Song dynasty scholar (1019–1086)

Sima Guang (司馬光 (Sīmǎ Guāng); 17 November 1019 – 11 October 1086), courtesy name Junshi (君實 (Jūnshí)), hao Yusou (迂叟 (Yūsŏu)), was a Chinese historian, politician, and writer. He was a high-ranking Song dynasty scholar-official who authored the Zizhi Tongjian, a monumental work of history.

Born into a family of officials, Sima Guang displayed remarkable intelligence from a young age and quickly rose through the ranks of the Song bureaucracy. His early career was marked by his work in government administration, where he gained a reputation for his meticulous scholarship and principled stance on state affairs. As a prominent official, he strongly opposed Wang Anshi's New Policies, arguing that they disrupted social stability and traditional governance. His criticisms led to his removal from political office when reformists held power.

After retiring from active politics, Sima devoted himself to historical research and writing.
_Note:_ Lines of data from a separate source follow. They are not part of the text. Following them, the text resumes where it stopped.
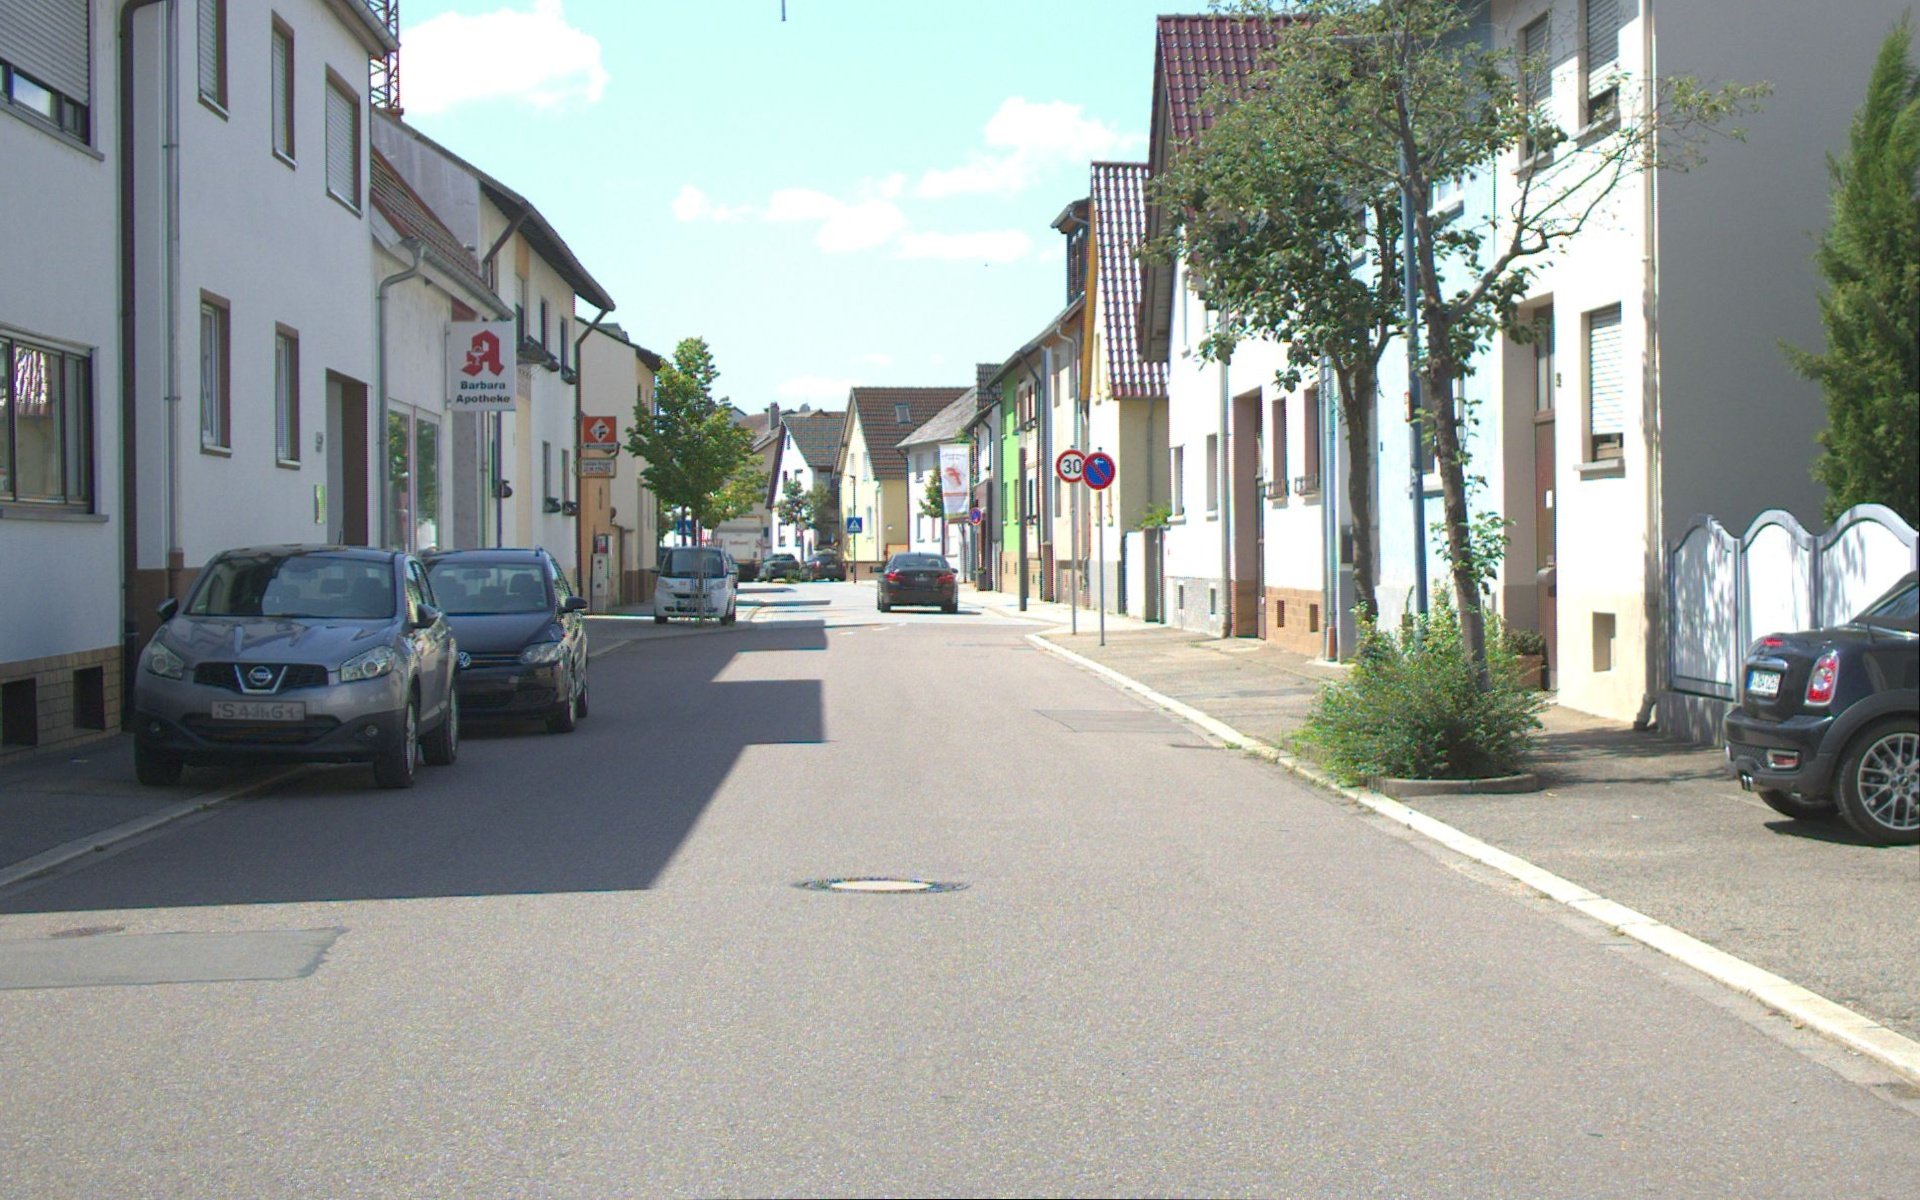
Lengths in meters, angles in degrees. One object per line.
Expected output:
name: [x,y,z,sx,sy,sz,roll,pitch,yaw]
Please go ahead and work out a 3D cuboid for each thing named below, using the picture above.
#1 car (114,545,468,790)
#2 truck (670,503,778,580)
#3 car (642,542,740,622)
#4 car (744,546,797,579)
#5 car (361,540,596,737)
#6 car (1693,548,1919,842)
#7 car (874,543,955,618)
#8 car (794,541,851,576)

He spent years compiling and editing the Zizhi Tongjian, which he presented to Emperor Shenzong in 1084. In addition to his historical work, he advocated for the repeal of certain feudal institutions, promoting policies he believed would restore order and moral integrity to the empire. His legacy as a historian and political thinker had a lasting impact on Chinese historiography and conservative political thought.

==Early life and career==
Sima Guang was named after Guang Prefecture, his birthplace, and where his father Sima Chi (司馬池) served as a county magistrate. The Sima family were originally from Xia County in Shǎn Prefecture, and claimed descent from the 3rd century Cao Wei official Sima Fu. A famous anecdote relates the young Sima Guang saving a playmate who had fallen into an enormous vat full of water. As other children scattered in panic, Sima calmly picked up a rock and smashed a hole in the base of the pot. Water leaked out, and his friend was saved.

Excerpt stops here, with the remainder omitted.